Respondent’s Criminal History
In addition to the underlying conviction in 2009 for sexual abuse in the first degree, which is the only qualifying offense for purposes of article 10, respondent was convicted of three counts of sexual battery, a misdemeanor, for an incident that occurred on December 11, 2006 in North Carolina. Respondent was on a bus sitting next to the complainant and rubbed her legs and her breast, positioning his legs so she could not leave the seat. He kissed her and put his fingers in her vagina. Respondent admitted “messing around” with the complainant but said it was consensual. Respondent served 84 days in jail for this conviction.

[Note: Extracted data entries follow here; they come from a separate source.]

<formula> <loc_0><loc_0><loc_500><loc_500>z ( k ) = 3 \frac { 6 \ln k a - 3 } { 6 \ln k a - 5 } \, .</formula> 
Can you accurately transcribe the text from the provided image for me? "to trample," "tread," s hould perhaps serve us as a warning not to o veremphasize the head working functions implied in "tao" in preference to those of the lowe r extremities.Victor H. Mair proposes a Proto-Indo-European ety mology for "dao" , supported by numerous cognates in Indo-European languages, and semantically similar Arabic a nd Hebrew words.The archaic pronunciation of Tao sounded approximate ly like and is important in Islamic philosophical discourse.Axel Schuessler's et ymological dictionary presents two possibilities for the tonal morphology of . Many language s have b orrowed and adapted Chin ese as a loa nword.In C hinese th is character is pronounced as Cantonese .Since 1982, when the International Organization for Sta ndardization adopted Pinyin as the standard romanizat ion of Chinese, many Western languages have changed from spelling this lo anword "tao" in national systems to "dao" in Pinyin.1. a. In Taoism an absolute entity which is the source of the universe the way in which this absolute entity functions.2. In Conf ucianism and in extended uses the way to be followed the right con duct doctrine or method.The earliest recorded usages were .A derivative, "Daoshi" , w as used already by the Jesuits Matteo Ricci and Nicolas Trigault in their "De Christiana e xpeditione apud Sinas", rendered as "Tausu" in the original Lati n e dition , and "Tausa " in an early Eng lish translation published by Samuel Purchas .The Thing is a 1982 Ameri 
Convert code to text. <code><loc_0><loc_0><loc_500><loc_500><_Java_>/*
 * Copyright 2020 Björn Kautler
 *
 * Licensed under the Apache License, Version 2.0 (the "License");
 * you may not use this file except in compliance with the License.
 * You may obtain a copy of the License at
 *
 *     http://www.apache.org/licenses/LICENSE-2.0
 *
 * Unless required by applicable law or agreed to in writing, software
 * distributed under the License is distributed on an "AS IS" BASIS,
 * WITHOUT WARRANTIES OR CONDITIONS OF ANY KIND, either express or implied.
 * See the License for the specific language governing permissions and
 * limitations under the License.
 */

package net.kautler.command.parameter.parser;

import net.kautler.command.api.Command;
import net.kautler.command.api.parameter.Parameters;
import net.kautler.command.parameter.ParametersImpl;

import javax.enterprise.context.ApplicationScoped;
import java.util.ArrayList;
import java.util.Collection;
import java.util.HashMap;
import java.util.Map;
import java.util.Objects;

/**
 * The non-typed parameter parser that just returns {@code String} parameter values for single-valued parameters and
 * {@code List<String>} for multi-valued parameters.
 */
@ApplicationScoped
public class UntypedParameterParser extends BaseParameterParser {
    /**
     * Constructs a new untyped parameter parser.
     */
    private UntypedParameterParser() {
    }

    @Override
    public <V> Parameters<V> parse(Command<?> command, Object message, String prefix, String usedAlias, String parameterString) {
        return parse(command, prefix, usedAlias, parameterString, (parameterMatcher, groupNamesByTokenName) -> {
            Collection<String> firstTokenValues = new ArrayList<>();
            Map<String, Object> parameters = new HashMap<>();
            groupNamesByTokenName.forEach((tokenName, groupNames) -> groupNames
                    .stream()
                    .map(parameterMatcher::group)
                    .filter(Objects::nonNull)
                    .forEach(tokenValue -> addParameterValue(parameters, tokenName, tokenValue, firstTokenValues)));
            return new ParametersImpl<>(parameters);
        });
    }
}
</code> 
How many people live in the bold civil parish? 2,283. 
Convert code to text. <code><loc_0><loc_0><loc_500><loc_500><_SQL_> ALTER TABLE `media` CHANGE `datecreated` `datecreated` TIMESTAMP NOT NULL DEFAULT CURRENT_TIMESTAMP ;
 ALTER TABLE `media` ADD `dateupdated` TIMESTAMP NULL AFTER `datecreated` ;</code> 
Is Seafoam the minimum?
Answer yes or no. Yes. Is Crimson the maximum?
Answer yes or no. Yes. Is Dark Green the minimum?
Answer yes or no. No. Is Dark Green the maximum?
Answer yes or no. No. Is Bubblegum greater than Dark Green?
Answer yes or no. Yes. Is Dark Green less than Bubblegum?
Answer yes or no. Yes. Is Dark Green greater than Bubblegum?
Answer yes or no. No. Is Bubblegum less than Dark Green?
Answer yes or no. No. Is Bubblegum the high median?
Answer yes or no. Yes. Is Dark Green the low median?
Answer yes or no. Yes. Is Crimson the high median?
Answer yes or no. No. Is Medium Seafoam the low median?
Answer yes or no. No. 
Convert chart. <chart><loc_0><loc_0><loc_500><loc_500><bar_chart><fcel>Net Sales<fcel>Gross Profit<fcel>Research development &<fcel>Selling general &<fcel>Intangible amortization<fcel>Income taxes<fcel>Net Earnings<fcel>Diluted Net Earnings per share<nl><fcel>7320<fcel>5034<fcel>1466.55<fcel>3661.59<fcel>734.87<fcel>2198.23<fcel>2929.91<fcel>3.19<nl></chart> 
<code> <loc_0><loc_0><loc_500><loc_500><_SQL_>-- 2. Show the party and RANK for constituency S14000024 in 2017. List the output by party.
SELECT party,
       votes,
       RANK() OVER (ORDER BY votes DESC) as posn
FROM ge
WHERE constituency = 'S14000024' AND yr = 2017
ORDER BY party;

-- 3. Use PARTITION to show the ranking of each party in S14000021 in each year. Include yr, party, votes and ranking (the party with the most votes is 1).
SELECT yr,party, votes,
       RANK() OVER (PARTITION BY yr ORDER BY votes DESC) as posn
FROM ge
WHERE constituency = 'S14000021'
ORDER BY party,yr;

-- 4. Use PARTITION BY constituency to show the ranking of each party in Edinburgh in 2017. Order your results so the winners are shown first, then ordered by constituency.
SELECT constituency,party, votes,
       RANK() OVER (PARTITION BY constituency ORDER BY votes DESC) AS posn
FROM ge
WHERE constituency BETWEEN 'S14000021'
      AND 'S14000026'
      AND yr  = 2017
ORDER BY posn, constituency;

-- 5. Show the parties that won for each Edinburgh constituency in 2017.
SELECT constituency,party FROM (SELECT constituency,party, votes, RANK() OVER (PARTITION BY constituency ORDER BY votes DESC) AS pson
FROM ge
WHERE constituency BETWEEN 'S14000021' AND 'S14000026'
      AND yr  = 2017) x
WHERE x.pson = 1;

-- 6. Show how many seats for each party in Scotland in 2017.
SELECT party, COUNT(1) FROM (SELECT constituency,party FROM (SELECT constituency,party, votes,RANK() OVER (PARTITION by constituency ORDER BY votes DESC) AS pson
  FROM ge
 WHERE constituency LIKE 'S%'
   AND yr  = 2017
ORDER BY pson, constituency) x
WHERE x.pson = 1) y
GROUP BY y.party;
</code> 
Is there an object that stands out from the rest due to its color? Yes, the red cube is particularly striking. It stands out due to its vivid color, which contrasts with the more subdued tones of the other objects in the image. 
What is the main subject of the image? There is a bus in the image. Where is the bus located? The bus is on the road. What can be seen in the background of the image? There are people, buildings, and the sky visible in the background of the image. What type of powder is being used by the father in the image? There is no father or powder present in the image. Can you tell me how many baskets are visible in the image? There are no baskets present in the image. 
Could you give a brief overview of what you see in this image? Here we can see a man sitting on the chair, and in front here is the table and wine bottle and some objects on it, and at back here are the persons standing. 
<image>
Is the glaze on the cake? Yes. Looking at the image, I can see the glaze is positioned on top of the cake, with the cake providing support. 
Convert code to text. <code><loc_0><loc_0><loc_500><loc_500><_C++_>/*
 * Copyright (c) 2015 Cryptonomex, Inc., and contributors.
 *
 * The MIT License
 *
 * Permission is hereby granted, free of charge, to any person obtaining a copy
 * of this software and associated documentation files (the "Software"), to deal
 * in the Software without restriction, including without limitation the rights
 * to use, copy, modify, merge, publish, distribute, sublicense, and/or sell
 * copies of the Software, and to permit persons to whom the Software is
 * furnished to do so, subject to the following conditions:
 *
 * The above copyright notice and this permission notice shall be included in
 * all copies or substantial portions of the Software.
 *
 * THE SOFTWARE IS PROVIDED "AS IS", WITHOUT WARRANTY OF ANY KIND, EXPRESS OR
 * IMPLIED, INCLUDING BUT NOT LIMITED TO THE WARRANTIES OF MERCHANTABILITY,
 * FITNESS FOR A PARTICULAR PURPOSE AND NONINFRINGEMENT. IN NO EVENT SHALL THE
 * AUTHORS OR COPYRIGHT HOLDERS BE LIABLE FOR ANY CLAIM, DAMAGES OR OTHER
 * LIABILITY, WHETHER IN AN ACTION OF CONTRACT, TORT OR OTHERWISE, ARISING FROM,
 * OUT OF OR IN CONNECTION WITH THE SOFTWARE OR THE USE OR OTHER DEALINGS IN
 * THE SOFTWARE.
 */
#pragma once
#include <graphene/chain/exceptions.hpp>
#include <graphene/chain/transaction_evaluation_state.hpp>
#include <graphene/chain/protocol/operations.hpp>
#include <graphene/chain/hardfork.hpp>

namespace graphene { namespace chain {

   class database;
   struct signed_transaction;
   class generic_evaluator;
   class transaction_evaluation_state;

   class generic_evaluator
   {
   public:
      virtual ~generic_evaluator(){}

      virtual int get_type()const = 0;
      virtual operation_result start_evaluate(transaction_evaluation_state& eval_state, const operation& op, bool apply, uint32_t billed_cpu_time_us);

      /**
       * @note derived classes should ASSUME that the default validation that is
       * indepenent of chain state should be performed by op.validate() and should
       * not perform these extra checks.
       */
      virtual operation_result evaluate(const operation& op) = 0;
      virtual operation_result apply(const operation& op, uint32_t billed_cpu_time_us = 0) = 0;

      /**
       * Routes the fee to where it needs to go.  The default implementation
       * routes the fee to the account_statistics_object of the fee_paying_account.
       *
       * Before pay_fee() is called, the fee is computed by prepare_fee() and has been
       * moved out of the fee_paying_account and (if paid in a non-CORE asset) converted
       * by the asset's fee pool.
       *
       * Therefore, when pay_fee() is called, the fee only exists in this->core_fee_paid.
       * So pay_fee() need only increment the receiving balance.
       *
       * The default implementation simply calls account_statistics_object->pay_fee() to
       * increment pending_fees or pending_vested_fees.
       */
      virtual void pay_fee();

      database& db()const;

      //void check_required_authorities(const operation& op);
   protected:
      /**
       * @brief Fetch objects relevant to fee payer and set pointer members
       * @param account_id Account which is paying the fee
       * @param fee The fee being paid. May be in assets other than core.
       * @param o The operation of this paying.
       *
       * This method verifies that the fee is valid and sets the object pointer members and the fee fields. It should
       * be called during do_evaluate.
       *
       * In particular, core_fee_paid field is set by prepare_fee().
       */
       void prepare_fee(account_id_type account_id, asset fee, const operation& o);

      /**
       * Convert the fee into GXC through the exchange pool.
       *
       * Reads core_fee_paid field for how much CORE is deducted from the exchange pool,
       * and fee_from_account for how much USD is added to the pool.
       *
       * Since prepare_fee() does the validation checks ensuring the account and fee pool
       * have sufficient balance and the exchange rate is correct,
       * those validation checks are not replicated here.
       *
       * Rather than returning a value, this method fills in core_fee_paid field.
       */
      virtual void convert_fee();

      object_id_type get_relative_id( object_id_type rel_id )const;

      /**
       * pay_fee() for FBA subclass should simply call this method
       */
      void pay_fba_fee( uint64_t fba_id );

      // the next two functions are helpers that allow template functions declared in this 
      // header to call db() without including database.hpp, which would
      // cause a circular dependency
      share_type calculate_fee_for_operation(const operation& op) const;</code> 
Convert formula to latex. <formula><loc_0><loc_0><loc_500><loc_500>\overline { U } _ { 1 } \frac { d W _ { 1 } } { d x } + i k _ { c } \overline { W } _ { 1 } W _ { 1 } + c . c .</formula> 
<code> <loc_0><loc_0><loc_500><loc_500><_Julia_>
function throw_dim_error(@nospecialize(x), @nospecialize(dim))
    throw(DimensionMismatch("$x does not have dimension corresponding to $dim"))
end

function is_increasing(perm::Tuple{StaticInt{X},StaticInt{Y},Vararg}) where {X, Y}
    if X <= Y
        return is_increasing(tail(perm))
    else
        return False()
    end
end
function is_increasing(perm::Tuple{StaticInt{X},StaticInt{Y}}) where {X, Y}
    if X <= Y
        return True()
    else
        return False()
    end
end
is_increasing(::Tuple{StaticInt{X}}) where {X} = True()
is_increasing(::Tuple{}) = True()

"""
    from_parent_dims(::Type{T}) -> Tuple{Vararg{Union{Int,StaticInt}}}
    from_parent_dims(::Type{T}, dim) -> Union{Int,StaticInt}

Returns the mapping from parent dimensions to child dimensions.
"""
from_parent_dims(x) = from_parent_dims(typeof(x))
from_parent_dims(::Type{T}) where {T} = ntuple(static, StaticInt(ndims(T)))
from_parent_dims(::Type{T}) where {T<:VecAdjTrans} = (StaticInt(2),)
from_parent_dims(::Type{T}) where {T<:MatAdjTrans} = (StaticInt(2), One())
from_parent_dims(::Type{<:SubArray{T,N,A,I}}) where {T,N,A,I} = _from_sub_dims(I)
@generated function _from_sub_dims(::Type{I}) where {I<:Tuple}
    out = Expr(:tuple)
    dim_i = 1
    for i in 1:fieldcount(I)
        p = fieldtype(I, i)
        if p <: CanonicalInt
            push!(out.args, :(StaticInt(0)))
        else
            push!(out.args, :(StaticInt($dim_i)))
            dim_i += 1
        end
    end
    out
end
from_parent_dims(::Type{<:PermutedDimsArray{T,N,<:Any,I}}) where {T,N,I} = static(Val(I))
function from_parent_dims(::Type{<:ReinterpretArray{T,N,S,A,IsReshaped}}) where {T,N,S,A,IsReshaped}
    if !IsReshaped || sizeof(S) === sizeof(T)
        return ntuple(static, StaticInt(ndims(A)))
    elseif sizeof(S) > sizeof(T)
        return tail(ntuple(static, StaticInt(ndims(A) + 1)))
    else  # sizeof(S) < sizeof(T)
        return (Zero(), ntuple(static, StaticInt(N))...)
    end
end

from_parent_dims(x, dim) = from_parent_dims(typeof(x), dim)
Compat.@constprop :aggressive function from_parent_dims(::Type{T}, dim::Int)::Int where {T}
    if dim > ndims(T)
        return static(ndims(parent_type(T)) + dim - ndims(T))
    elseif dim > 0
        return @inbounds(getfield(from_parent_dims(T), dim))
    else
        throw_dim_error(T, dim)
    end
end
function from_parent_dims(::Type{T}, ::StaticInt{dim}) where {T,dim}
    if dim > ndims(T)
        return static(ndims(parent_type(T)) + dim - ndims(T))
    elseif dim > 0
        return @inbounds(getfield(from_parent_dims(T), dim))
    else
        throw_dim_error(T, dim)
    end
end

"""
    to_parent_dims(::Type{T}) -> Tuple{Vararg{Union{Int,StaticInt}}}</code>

On October 22, 2005, in North Carolina, respondent was arrested for attempting to rape a woman in a field and later throwing her out of a moving car. The victim was a 56-year-old *694female identified as a “friend” of respondent. Respondent was 20 at the time. He was convicted on June 19, 2006 of assault, serious bodily injury and sexual battery, and sentenced to 19 to 23 months’ incarceration, and 36 months’ probation.
In addition to these convictions, petitioner’s psychological report indicates that respondent was twice convicted of theft of services in New York in 1997.1
The Article 10 Petition
On April 14, 2010, petitioner filed an article 10 proceeding against respondent. A probable cause hearing was held and respondent was committed to a secure treatment facility. At the facility, while technically on parole supervision, respondent pleaded guilty to assaulting a staff person. He was sentenced to two years and seven months in prison for violating his parole. The article 10 petition was withdrawn.
The instant petition was filed on July 29, 2013. Respondent waived his right to a probable cause hearing and invoked his right to transfer venue to New York County.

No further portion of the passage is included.